ASSIGNED TASK ▸ Without including any images, output the listing below exactly.

EXERCISE DATA ▸
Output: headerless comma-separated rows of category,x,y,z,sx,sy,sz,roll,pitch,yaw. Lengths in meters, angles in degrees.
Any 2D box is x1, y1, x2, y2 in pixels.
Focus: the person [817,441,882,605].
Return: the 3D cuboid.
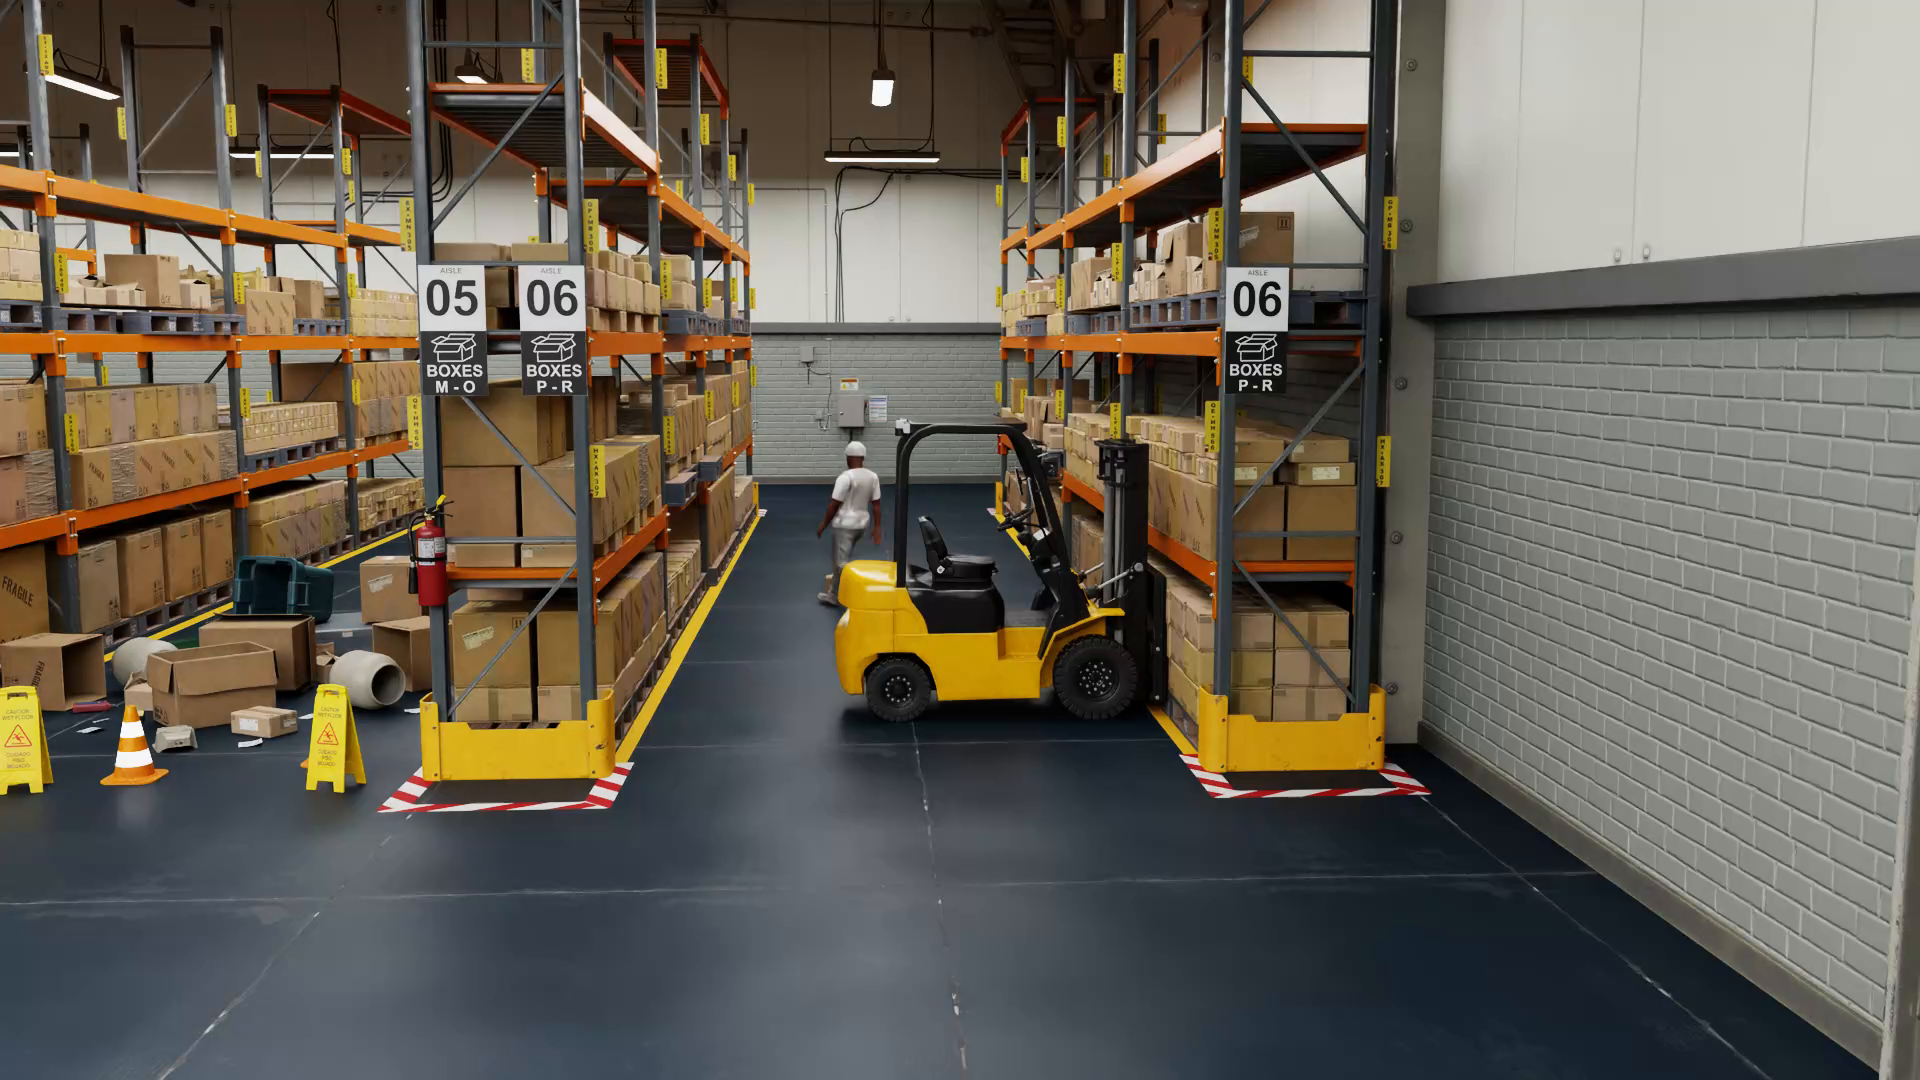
person,-1.147,-0.152,17.051,0.993,1.719,0.571,5,8,34

SOLUTION TO THE EXERCISE ▸
Output: headerless comma-separated rows of category,x,y,z,sx,sy,sz,roll,pitch,yaw. Lengths in meters, angles in degrees.
Any 2D box is x1, y1, x2, y2 in pixels.
Focus: the person [817,441,882,605].
Return: the 3D cuboid.
person,-1.147,-0.152,17.051,0.993,1.719,0.571,5,8,34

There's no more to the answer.